Educar y educarse

Héctor Abad Faciolince
14 de octubre de 2018 - 01:30 a. m.

Lo mejor de las marchas estudiantiles de esta semana —en defensa de la educación pública— es que nos hacen pensar en el sistema educativo ideal para un país como el nuestro. En un mundo globalizado e interdependiente como el de hoy, ningún país es una isla. Desde una perspectiva internacional, no solo nuestra educación es mediocre y anticuada: las mismas consignas de los estudiantes lo son, y los líderes políticos (sus faros y sus ídolos) que supuestamente los orientan, o que se hacen pasar como los dueños de estas marchas, están anclados a una concepción del mundo que no es la de hoy ni la del futuro, sino la de hace medio siglo.

Quizá el sistema escandinavo de educación básica y superior sea uno de los más exitosos del planeta. Acabo de estar en conferencias en Suecia y Dinamarca. También fui profesor invitado, hace poco, en la Universidad Libre de Berlín. Lo que caracteriza los sistemas nórdico y germánico es una cobertura total, gratuita y de gran calidad, desde el kínder hasta los 15 y 16 años. Esta es la educación universal obligatoria, y se financia gracias a un sistema de impuestos feroz: toda persona devuelve entre el 40 % y el 60 % de sus ingresos al Estado.

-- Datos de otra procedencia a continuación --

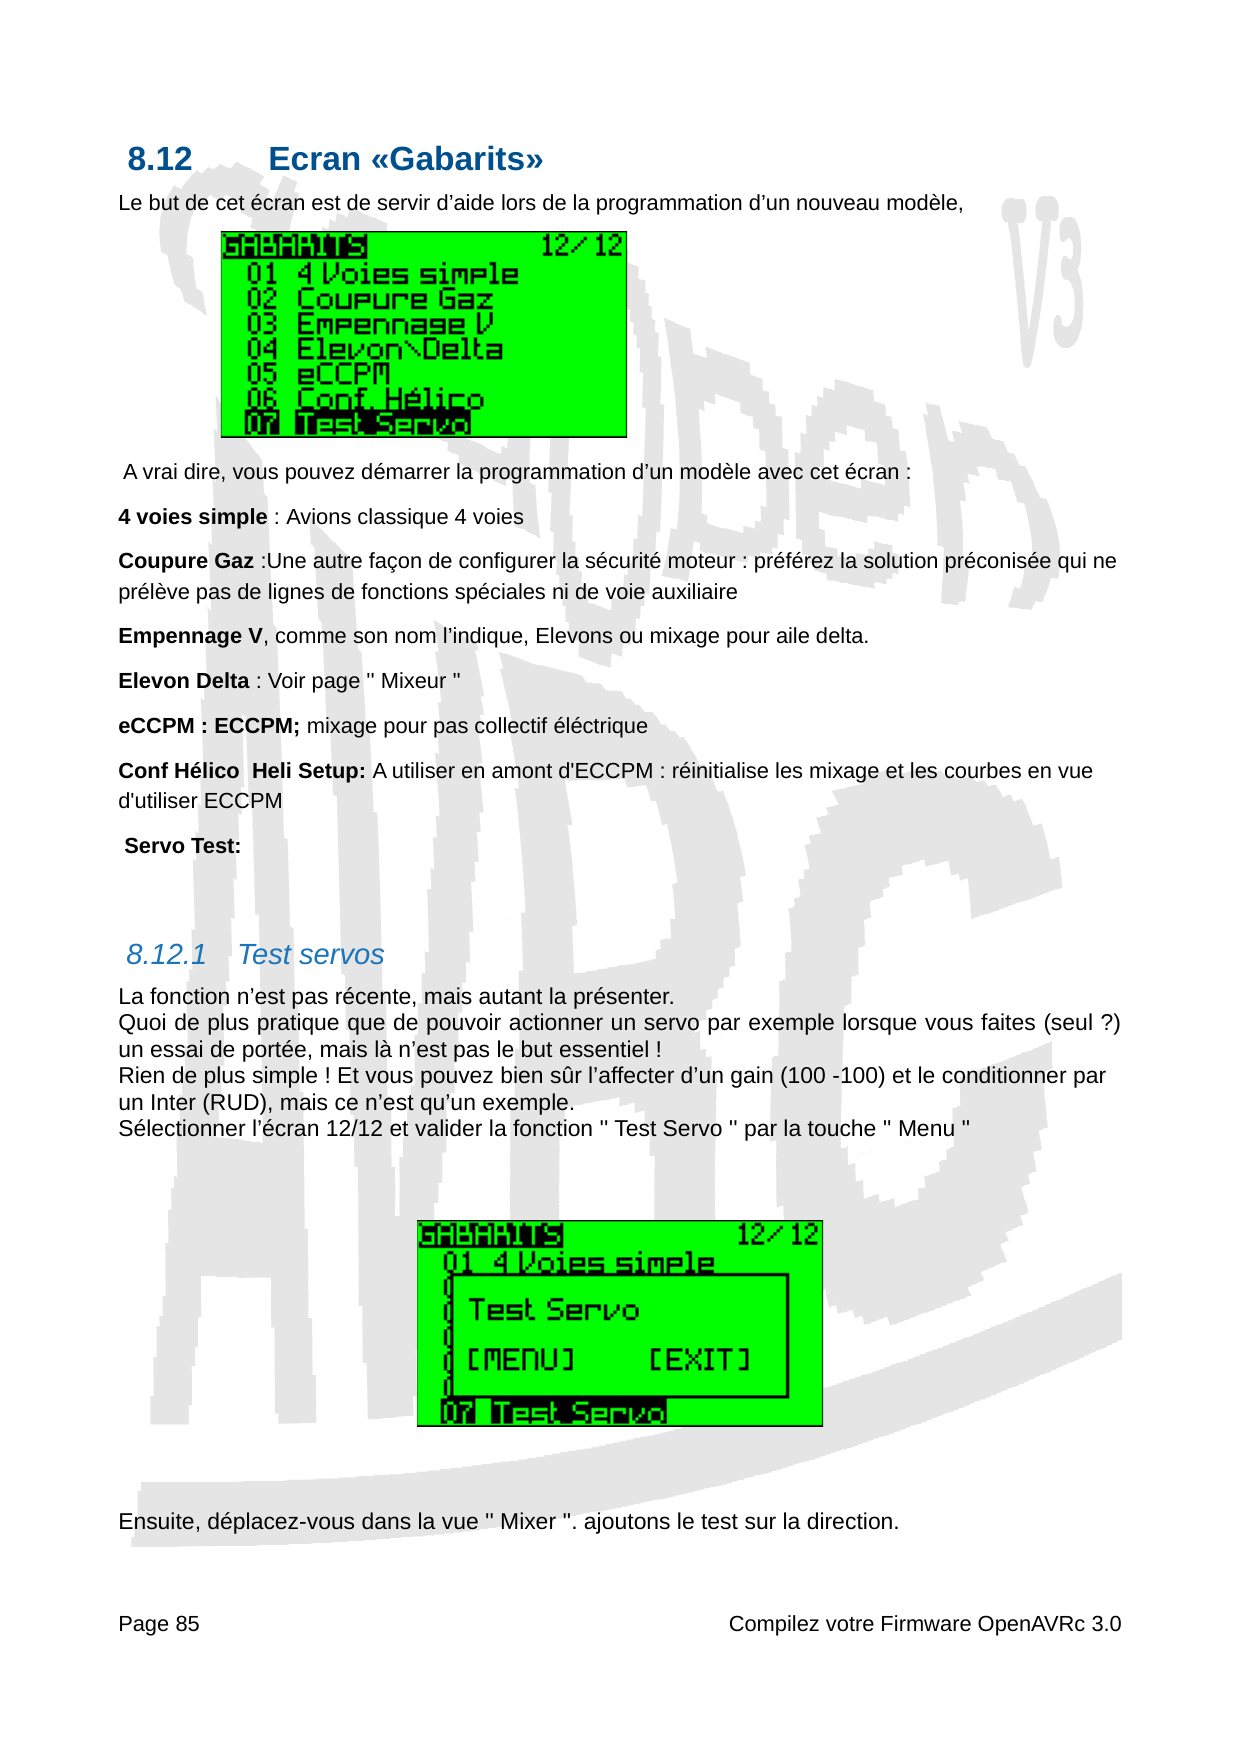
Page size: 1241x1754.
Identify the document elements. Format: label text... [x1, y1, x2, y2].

text Coupure Gaz :Une autre façon de configurer la sécurité moteur : préférez la solution préconisée qui ne prélève pas de lignes de fonctions spéciales ni de voie auxiliaire [118, 548, 1122, 604]
picture [417, 1220, 824, 1427]
text eCCPM : ECCPM; mixage pour pas collectif éléctrique [118, 713, 1122, 738]
picture [220, 231, 628, 438]
text Quoi de plus pratique que de pouvoir actionner un servo par exemple lorsque vous faites (seul ?) un essai de portée, mais là n’est pas le but essentiel ! [118, 1009, 1122, 1062]
text Rien de plus simple ! Et vous pouvez bien sûr l’affecter d’un gain (100 -100) et le conditionner par un Inter (RUD), mais ce n’est qu’un exemple. [118, 1062, 1122, 1115]
text A vrai dire, vous pouvez démarrer la programmation d’un modèle avec cet écran : [118, 459, 1122, 484]
text 4 voies simple : Avions classique 4 voies [118, 504, 1122, 529]
text Empennage V, comme son nom l’indique, Elevons ou mixage pour aile delta. [118, 623, 1122, 649]
text La fonction n’est pas récente, mais autant la présenter. [118, 983, 1122, 1009]
text Le but de cet écran est de servir d’aide lors de la programmation d’un nouveau modèle, [118, 190, 1122, 215]
subtitle Test servos [118, 937, 1122, 971]
text Servo Test: [118, 833, 1122, 858]
text Conf Hélico Heli Setup: A utiliser en amont d'ECCPM : réinitialise les mixage et les courbes en vue d'utiliser ECCPM [118, 758, 1122, 813]
text Ensuite, déplacez-vous dans la vue '' Mixer ''. ajoutons le test sur la direction. [118, 1508, 1122, 1534]
text Sélectionner l’écran 12/12 et valider la fonction '' Test Servo '' par la touche '' Menu '' [118, 1115, 1122, 1141]
text Elevon Delta : Voir page '' Mixeur '' [118, 668, 1122, 693]
subtitle Ecran «Gabarits» [118, 139, 1122, 178]

Hasta ahora los políticos responsables que ganan las elecciones en Dinamarca no son los que ofrecen bajar los impuestos, sino subirlos. Para los ricos, para la clase media y para los que tienen ingresos menores: para todos, si bien en proporciones distintas. No existe allá el populismo nuestro de amplios sectores que, más que exentos, están marginados: al no pagar impuestos, tampoco exigen lo que necesitan, y su lucha se parece más bien a la mendicidad: dennos algo gratis.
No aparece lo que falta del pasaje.